Joaquin Phoenix delivers a hyper-realistic performance as the Joker in the cinematic shot set in the neon-lit streets of New York. Smoke billows around him, adding to the atmosphere of chaos and darkness.
Recently, startup Morph Studio has made an important update to its text-to-video generation technology and community. Their model has undergone a major update, and these video productions show off the updated model, with clear images and vivid details.
Morph Studio is the first team in the world to publicly launch a text-to-video product that can be freely tested by the public, earlier than Runway launched Gen2 in public beta.
Compared with other popular text-to-video products, Morph Studio is different in terms of free services. It offers a default 1080P resolution and a maximum build time of 7 seconds from the start. For text-to-video products, higher resolution, longer generation time, and better expression of intent are three key indicators. Morph has reached the latest level in the industry in these three indicators.
The average length of a single shot of a Hollywood movie is 6 seconds. Extending the generation time to 7 seconds can unlock the creative needs of more users.
It’s easy to experience Morph Studio’s models. You can use it for free by registering on discord.
The model with the word "pro" in the red box on the screen is the updated model and is the subject of this article's experience.
Camera movement is the basic language of video production and a powerful narrative device. Morph provides several general camera languages, including zoom, pan (up, down, left, right), rotation (clockwise or counterclockwise), and still shots.
Morph also provides the MOTION function (1-10) to control video movement. The larger the value, the more violent and exaggerated the action. The smaller the value, the more subtle and smooth the action.
The frame rate (FPS) provides an adjustment range from 8 -30. The higher the value, the smoother the video and the larger the size. For example, -FPS 30 will produce the smoothest but also largest video. By default, all videos are created at 24 frames per second.
The default video length is 3 seconds. To generate a 7-second video, you can enter -s 7 in the command. Additionally, the model offers 5 video ratios to choose from.
If you have requirements for details such as lens, frame rate, and video length, please continue to enter the corresponding parameters after entering the content prompt. (Currently only English input is supported.)
We have experienced the updated model service and strongly feel the visual shock brought by 1080P.
Until recently, humans had the first photo of a snow leopard walking under the stars:
The first human photo of a snow leopard walking under the stars.
We want to know, can Morph Studio’s model be able to generate this relatively rare animal video?
With the same prompt, we put the works of Morph Studio in the upper part of the video, and the works generated with Pika in the lower part of the video.
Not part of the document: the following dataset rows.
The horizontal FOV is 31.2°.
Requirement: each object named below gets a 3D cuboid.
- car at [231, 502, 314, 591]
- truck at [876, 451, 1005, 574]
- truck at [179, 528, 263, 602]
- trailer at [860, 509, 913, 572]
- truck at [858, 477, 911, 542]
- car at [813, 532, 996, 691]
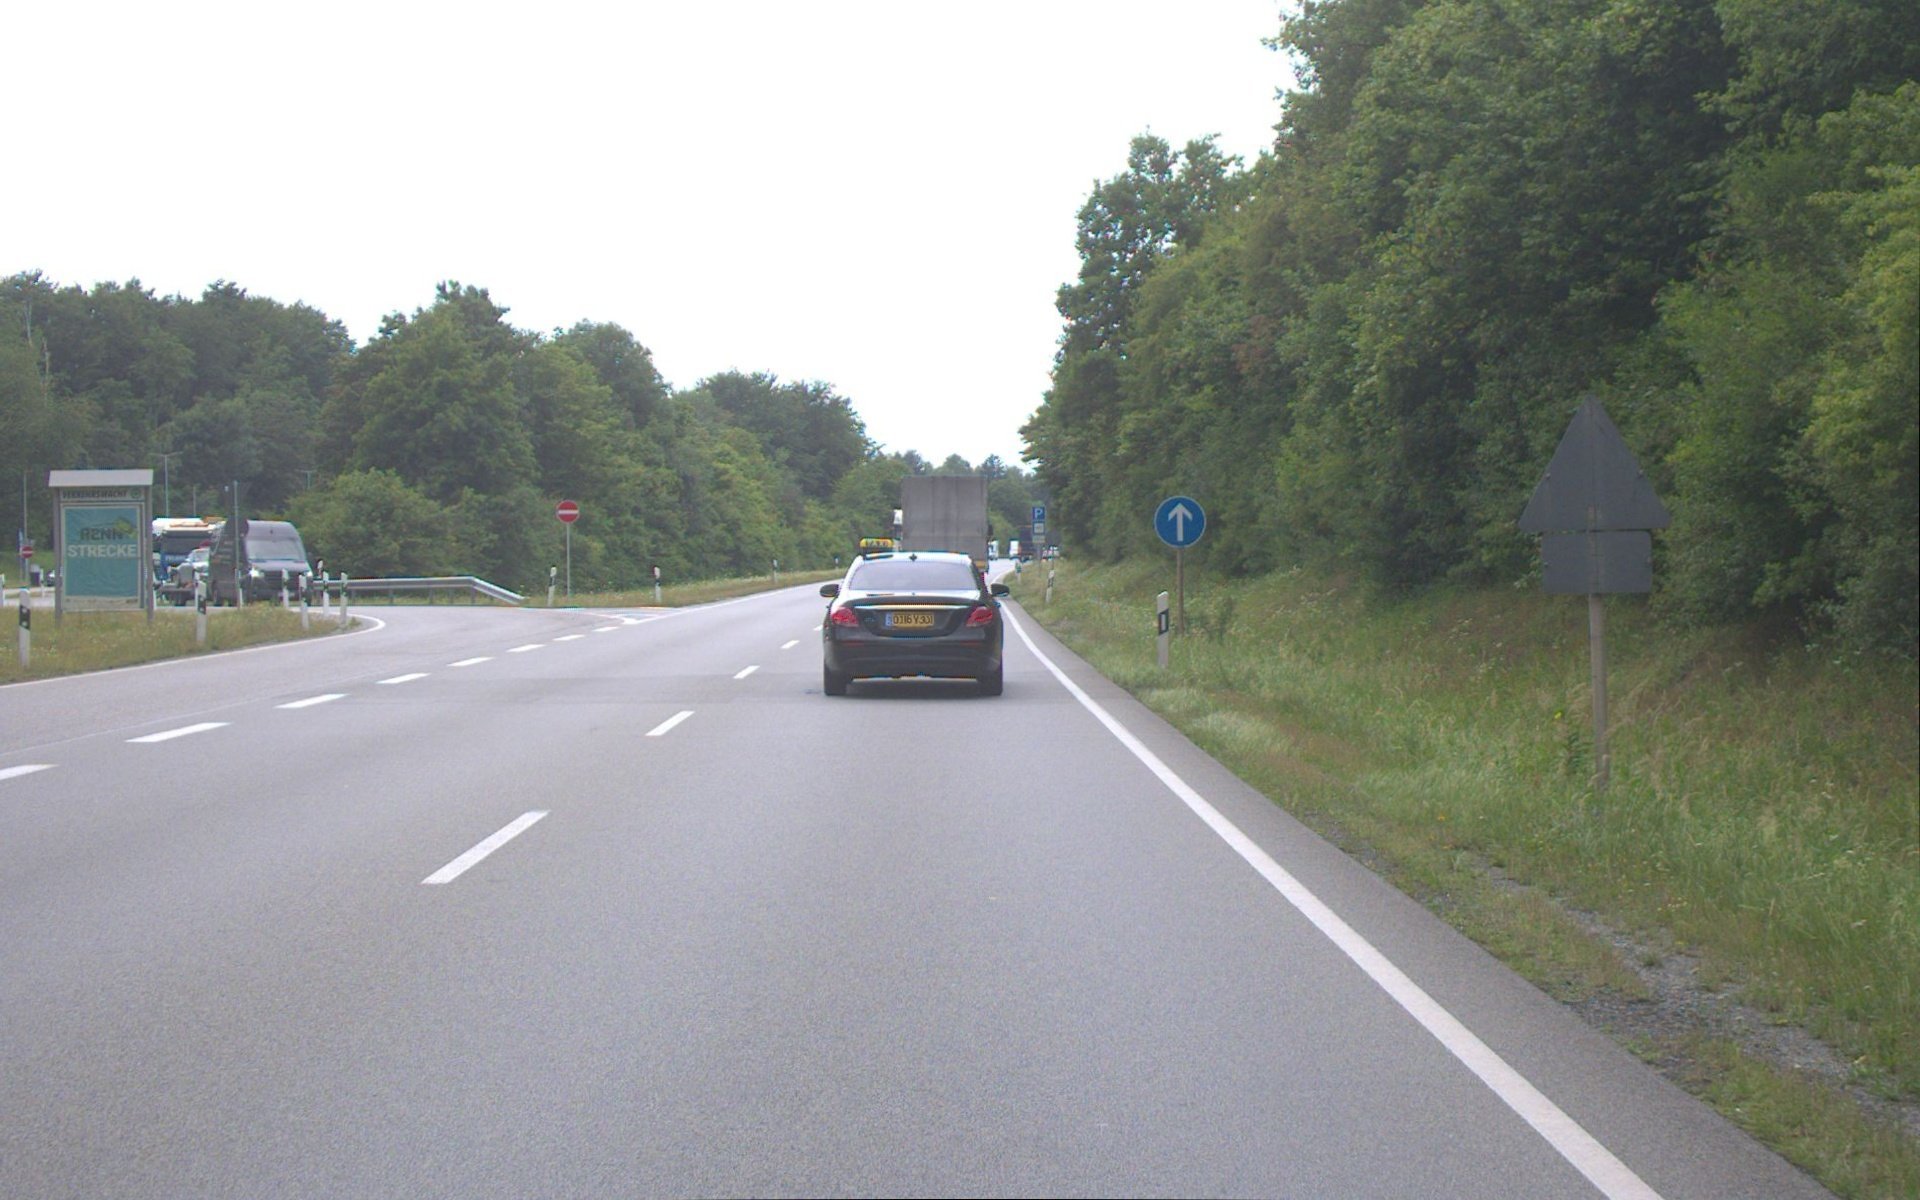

a snow leopard walking under a starry night, cinematic realistic, super detail, -motion 10, -ar 16:9, -zoom in, -pan up, -fps 30, - s 7. negative: Extra limbs, Missing arms and legs, fused fingers and legs, extra fingers, disfigure
Morph Studio’s answer sheet, the text is understood accurately. In the 1080P picture, the snow leopard’s fur is rich in detail and lifelike. The Milky Way and stars can be seen in the background. However, the snow leopard's movement is not obvious.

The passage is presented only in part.